Édith Cresson (born January 27, 1934 in Boulogne-Billancourt near Paris ) is a French politician ( PS ). She became the first woman to become French Prime Minister in 1991 , but only held that post for just under eleven months. From 1995 to 1999 she was a member of the European Commission responsible for science, research and development . Her involvement in a corruption scandal led to the resignation of the Santer Commission in 1999 .

Cresson is married and has two daughters.

Start of political career

Cresson studied at the École de haut enseignement commercial pour les jeunes filles . She earned a doctorate in demography and initially worked as an industrial engineer.

In 1965 she joined the Convention des institutions républicaines , a small party founded by François Mitterrand , which supported his first unsuccessful presidential candidacy that year. In 1971 she followed Mitterrand, who became her political mentor, when she entered the Parti socialiste . From 1974 she was party secretary responsible for youth and education, from 1975 to 1981 she was a member of its board. From 1977 to 1983 Cresson was mayor of Thuré ( Département Vienne ), then until 1997 of Châtellerault . In the 1979 European elections , she also won a seat in the European Parliament . Two years later, however, she gave it up again after being elected to the French National Assembly, of which she was a member until 1986.

After Mitterrand's victory in the 1981 French presidential election , Cresson became Minister of Agriculture in the Pierre Mauroy government . After a cabinet reshuffle, she was Minister for Foreign Trade and Tourism from 1983 to 1984, and from 1984 to 1986 under Prime Minister Laurent Fabius Minister for Industrial Development and Foreign Trade.

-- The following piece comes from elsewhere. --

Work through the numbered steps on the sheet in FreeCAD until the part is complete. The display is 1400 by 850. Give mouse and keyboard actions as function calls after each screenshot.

After cohabitation from 1986 to 1988, Cresson was Minister for European Affairs in the Michel Rocard government from 1988 to 1990 . In this office she headed the organization for the French presidency in 1989 and took part in the negotiations on the Schengen Convention . Due to political disagreements with Rocard, she resigned from her position in October 1990 and switched to a consulting firm specializing in Eastern Europe.

Prime minister

On May 15, 1991, Cresson was surprisingly named Prime Minister by Mitterrand. With a view to the completion of the European internal market and the negotiations on the Maastricht Treaty , Cresson announced in her inaugural address the “success of France in Europe in 1993 and in the world in 2000” as her main political goal. An active industrial policy should reduce unemployment and promote sustainable development .

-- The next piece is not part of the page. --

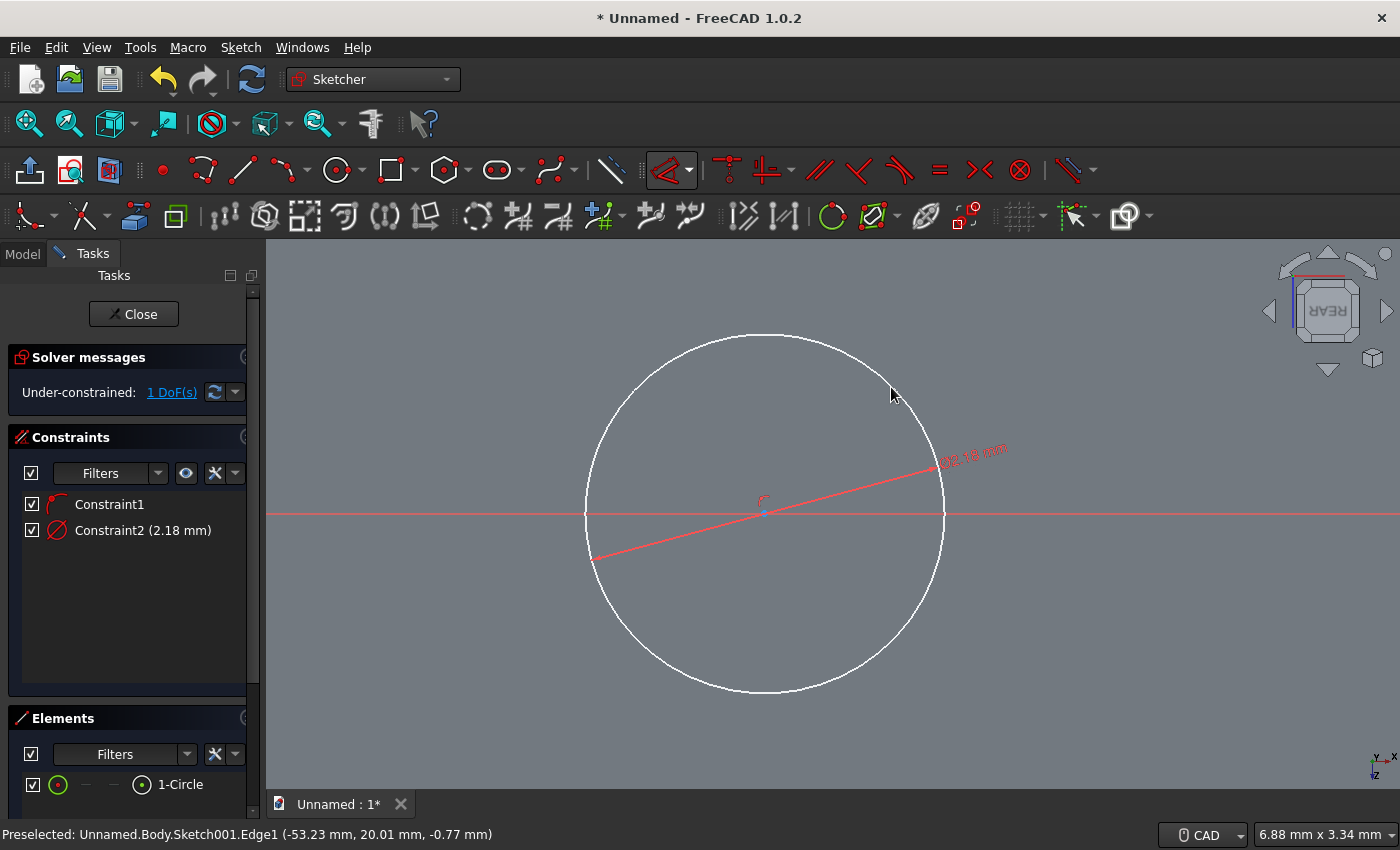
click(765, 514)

There was some controversy due to occasional undiplomatic to rude remarks by Cresson. In July 1991, she told ABC News that homosexuality was a "marginal" phenomenon, closer to "Anglo-Saxon" customs than "Latin". In addition, in various interviews in 1989 and 1991, she compared the Japanese with “ants”, who were characterized by an excessive workload that was unacceptable for European leisure and social standards. A controversy arose over the satirical puppet show Le Bébête show , in which Cresson was portrayed in a very negative way and an extramarital relationship with Mitterrand was suggested. She herself criticized this as sexism ; the makers of the show invoked freedom of expression . In mid-1991, Cresson's poll numbers were poor. After the PS suffered a severe defeat in the regional elections in March 1992, Mitterrand resigned and at the beginning of April 1992 appointed Pierre Bérégovoy , up to then Minister of Economics, as the new Prime Minister.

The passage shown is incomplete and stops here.